Magnetic resonance spectroscopy (MRS) and dynamic susceptibility contrast (DSC) MRI have also been applied to predict tumor grades. A recent study (26) concluded that the indices of Cho/Cre and Lac/Cre from MRS were good for differentiating grade II from III and III from IV, respectively, whereas the parameter of tumor blood volume from DSC-MRI was only useful for distinguishing II from IV. Compared to the indices and parameter, the results of K^trans in this and previous investigations (6, 11) suggest that K^trans is a better predictive parameter for grading gliomas. The partial volume effect due to the low spatial resolution data of MRS made the indices less sensitive and specific when distinguishing the grades. Also tumor microvascular permeability exposed by K^trans maybe better linked to the tumor grade.

There were limitations in this study. We applied a 2D Turbo FLASH sequence for obtaining the baseline T₁ value and a 3D Turbo FLASH sequence for DCE data. The internal inconsistency in the imaging sequence and alteration in its sensitivity to the tumor blood supply may lead to variations from case to case. The sample size may need to be increased for each group of tumor grade for an effectively statistical comparison including a significant threshold value to distinguish the groups. Also we are working on obtaining the maps of K^trans, K_ep, K_el, V_e, and V_p.

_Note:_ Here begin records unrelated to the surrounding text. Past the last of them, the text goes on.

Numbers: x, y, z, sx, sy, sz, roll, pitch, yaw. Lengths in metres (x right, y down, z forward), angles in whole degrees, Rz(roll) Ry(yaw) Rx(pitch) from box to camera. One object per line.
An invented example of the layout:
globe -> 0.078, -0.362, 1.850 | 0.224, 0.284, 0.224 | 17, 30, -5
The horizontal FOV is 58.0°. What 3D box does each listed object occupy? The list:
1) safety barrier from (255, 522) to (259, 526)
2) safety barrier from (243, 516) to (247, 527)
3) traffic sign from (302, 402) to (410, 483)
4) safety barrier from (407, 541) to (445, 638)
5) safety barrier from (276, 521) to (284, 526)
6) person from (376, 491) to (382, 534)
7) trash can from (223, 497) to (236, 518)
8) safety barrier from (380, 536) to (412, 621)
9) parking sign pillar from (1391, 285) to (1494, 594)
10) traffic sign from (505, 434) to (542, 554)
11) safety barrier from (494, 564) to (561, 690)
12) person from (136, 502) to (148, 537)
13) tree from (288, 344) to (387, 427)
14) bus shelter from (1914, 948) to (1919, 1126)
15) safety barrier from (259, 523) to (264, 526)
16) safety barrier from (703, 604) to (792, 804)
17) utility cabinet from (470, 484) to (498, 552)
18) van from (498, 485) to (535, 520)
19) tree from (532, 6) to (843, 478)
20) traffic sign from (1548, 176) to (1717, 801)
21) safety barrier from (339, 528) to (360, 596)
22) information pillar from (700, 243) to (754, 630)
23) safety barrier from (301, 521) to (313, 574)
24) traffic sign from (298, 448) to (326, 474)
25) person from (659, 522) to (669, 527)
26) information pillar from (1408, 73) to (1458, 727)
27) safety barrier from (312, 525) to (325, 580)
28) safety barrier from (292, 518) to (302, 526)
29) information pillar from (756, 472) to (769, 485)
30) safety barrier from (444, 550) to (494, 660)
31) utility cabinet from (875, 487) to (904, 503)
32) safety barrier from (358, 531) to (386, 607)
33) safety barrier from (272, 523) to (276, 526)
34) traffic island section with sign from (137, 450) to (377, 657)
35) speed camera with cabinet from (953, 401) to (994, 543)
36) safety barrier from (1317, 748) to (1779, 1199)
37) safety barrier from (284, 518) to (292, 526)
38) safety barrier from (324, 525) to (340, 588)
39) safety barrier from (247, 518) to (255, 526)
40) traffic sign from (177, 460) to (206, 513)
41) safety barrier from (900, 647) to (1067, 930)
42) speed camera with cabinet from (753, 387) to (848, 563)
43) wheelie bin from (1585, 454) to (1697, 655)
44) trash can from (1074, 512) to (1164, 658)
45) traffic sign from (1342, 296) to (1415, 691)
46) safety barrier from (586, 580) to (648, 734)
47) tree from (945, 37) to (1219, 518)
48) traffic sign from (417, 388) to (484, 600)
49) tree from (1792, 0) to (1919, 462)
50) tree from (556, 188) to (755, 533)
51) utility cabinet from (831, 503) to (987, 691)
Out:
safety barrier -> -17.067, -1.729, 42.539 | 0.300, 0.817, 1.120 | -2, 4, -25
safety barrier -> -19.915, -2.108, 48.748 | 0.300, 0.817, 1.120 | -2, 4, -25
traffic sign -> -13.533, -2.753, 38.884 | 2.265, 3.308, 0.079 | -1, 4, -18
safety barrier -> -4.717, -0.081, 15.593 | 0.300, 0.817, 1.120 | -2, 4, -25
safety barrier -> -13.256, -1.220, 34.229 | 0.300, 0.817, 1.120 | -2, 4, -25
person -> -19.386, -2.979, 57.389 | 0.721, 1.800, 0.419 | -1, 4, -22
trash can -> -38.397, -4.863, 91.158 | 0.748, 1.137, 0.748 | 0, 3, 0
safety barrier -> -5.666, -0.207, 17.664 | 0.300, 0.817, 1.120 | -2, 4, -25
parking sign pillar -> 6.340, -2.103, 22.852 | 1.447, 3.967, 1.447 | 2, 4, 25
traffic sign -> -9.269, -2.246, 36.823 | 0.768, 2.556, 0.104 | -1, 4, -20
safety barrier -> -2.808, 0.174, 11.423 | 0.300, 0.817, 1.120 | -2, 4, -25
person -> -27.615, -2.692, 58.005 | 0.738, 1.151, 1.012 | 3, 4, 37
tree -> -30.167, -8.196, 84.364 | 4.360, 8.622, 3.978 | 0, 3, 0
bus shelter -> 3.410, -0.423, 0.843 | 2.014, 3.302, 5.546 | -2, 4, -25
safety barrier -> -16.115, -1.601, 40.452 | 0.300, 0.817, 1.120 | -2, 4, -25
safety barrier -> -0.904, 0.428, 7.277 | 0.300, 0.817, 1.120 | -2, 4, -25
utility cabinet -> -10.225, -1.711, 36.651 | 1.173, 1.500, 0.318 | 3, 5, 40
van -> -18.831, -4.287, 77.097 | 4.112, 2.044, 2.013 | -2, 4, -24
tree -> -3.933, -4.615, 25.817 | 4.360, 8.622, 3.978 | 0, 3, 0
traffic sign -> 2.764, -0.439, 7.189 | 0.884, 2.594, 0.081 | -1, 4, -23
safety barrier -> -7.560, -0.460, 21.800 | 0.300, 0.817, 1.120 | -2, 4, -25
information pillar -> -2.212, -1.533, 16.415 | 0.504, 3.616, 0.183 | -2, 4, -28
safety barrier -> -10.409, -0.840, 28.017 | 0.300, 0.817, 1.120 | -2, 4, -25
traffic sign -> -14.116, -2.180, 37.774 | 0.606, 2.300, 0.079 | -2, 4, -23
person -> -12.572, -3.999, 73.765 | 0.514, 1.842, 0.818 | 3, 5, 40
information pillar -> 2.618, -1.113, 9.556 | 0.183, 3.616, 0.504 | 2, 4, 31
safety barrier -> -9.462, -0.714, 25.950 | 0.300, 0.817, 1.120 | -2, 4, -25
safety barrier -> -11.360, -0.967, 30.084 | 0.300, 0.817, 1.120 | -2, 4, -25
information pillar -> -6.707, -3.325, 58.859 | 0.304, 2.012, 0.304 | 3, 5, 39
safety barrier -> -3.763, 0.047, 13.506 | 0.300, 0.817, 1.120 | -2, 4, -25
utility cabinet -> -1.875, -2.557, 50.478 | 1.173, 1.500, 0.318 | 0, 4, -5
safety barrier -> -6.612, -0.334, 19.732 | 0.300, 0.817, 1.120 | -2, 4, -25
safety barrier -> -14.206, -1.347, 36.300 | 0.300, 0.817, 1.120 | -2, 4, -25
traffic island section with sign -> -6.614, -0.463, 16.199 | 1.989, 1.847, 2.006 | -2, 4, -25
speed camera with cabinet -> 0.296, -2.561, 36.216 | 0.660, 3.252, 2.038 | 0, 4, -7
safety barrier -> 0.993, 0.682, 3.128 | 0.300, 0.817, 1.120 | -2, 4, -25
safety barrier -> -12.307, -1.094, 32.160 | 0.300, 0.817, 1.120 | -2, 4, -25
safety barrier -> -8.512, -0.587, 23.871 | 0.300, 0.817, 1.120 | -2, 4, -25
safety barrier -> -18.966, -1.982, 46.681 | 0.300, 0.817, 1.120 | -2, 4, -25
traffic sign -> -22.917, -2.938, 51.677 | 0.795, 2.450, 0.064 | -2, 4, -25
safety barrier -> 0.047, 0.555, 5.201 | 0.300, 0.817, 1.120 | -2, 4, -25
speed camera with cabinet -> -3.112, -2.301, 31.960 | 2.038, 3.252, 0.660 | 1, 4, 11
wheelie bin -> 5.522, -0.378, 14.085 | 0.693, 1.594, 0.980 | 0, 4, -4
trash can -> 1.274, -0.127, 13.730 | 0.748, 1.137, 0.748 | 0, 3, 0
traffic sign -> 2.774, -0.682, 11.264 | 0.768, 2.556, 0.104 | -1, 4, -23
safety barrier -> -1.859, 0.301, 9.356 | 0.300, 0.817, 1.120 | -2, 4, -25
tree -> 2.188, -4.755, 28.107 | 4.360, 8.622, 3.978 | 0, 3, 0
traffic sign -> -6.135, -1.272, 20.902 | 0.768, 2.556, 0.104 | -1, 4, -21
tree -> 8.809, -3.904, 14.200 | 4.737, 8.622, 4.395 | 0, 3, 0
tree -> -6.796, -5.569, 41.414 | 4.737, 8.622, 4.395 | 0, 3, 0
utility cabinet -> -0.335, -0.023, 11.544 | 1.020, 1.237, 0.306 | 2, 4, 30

In conclusion, DCE-MRI is a promising technique that can provide a very important trace kinetic parameter: K^trans, which is associated with gliomas’ microvascular permeability—a surrogate for tumor grades. Besides K^trans, V_e can be helpful in grading gliomas; however, K^trans is preferable as K^trans can be utilized not only to differentiate the low (I and II) from high (III and IV) grades, but also to differentiate the grade II from III.